– Который видели… сколько? Дюжина ныне живущих европейцев?
– Меньше. Если за три года захватите должность начальника канцелярии, увидите и вы.
«Через три года меня здесь уже не будет», – надеется Якоб и вдруг с тяжелым сердцем вспоминает Орито.
Элатту щелчком ножниц обрезает нитку. Отделенное от них всего лишь одной улицей и стеной, беснуется море.
– Эдо – миллион жителей, втиснутых в прямоугольную сетку улиц. Улицы тянутся, сколько хватает глаз. Эдо – оглушительный стук деревянных сандалий и вальков, которыми отбивают полотняную одежду, крики, лай, вопли, шепоты. Эдо – свод всевозможных человеческих надобностей и в то же время средство все их обеспечить. Каждый даймё обязан содержать дом в Эдо – для главной жены и наследника. Иногда такое жилище само по себе – целый город, обнесенный стенами. Большой мост в Эдо, от которого ведут отсчет все дороги в Японии, составляет в ширину двести шагов. Если бы я мог влезть в шкуру японца и побродить по этому лабиринту! Но, конечно, нас с Хеммеем и ван Клефом не выпускали с постоялого двора – «для нашей же безопасности», пока не настал назначенный день встречи с сёгуном. Единственное противоядие от скуки – непрерывный поток гостей, ученых и просто любопытствующих, особенно тех, что приносили с собой растения, луковицы и семена.
– О чем вас расспрашивали?
– Задавали вопросы о медицине – и глубокие, и совсем детские: «Электричество – это жидкость?»; «Иностранцы носят сапоги, потому что у них нет щиколоток?»; «Верно ли, что для всякого действительного числа φ , согласно формуле Эйлера, комплексная экспоненциальная функция удовлетворяет равенству e iφ = cos φ + + i sin φ ?»; «Как построить монгольфьер?»; «Можно ли удалить пораженную раковой опухолью грудь так, чтобы пациентка осталась жива?»; и однажды: «Поскольку Япония не затонула во время Ноева потопа, можно ли заключить, что она расположена выше других стран?» Переводчики, чиновники и владелец постоялого двора брали деньги за то, чтобы пускать посетителей к Дельфийскому оракулу, но, как я уже давал понять раньше…
Дом содрогается, как при землетрясении; стропила визжат и воют.
– Я нахожу некоторое удовлетворение в беспомощности своих ближних.

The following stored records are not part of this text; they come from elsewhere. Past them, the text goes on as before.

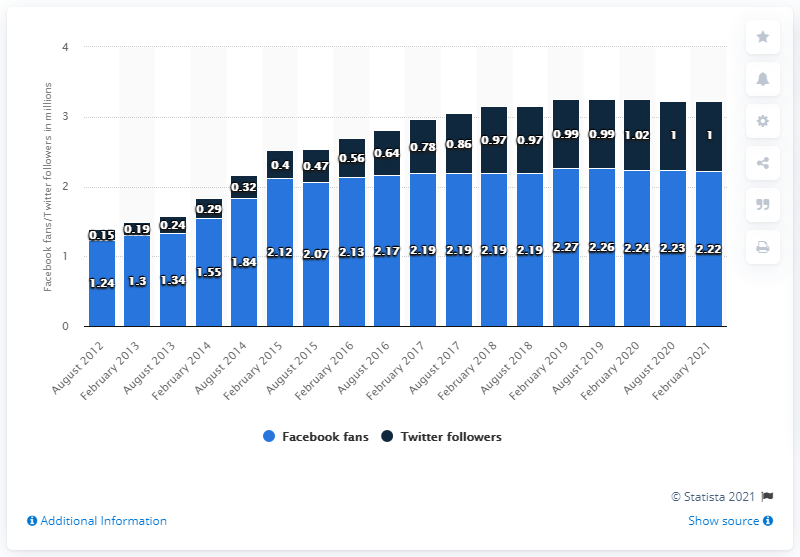Mention a couple of crucial points in this snapshot. As of February 2021, the Miami Dolphins football team had approximately 2.22 million Facebook followers. 
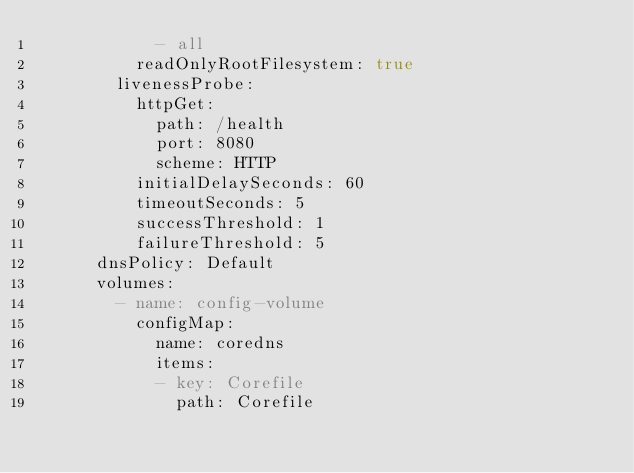<code> <loc_0><loc_0><loc_500><loc_500><_YAML_>            - all
          readOnlyRootFilesystem: true
        livenessProbe:
          httpGet:
            path: /health
            port: 8080
            scheme: HTTP
          initialDelaySeconds: 60
          timeoutSeconds: 5
          successThreshold: 1
          failureThreshold: 5
      dnsPolicy: Default
      volumes:
        - name: config-volume
          configMap:
            name: coredns
            items:
            - key: Corefile
              path: Corefile
</code>

Якоб не может с ним согласиться.
– А как прошла встреча с сёгуном?
– Нарядили нас в пропахшие нафталином парадные тряпки полуторавековой давности: Хеммей в кафтане с жемчужными пуговицами, мавританском жилете и шляпе со страусиным пером и в белых полотняных чехлах поверх башмаков. Мы с ван Клефом расфуфырились в том же духе, так что все вместе походили на тройку подпорченных французских пирожных. Нас доставили в паланкине до дворцовых ворот. Дальше мы три часа плутали пешком по коридорам и внутренним дворикам, через миллион дверей и приемных, по дороге обмениваясь избитыми шутками с разнообразными чиновниками, советниками и принцами. В конце концов добрались до Тронного зала. Здесь уже невозможно больше делать вид, будто бы мы явились с настоящим посольством, а не притащились за тридевять земель полизать задницу великому правителю. Сёгун, полускрытый ширмой, сидит на возвышении в глубине комнаты. Церемониймейстер объявляет: «Оранда капитан!» Хеммей боком, словно краб, семенит к сёгуну и опускается на колени в специально отведенном для этого месте. Нам запрещено даже смотреть на сиятельную особу. Молча ждем высочайшего знака. Наконец великий военачальник, победитель мятежных варваров, поднимает кверху указательный палец. Камергер зачитывает текст, который не менялся с тысяча шестьсот шестидесятых, запрещающий нам обращать японских подданных в нехорошую христианскую веру, а также нападать на китайские джонки и на жителей острова Рюкю, и повелевающий сообщать о любых коварных замыслах против Японии, буде нам станет о них известно. Хеммей просеменил в обратную сторону, и на этом церемония завершилась. Согласно записи в моем дневнике, вечером Хеммей стал жаловаться на желудочные колики, которые на пути домой перешли в дизентерийную лихорадку… Впрочем, признаюсь, диагноз мог быть и не совсем точным.
Элатту, закончив штопку, раскатывает постель.
– Гадкая смерть. Дождь лил без перерыва. Местечко называлось Какэгава. «Только не здесь, Маринус, только не так», – простонал он и умер…
Якобу представляется могила, вырытая в языческой земле, и как его самого туда опускают.
– …Как будто я Господь Бог и могу вмешиваться в такие дела.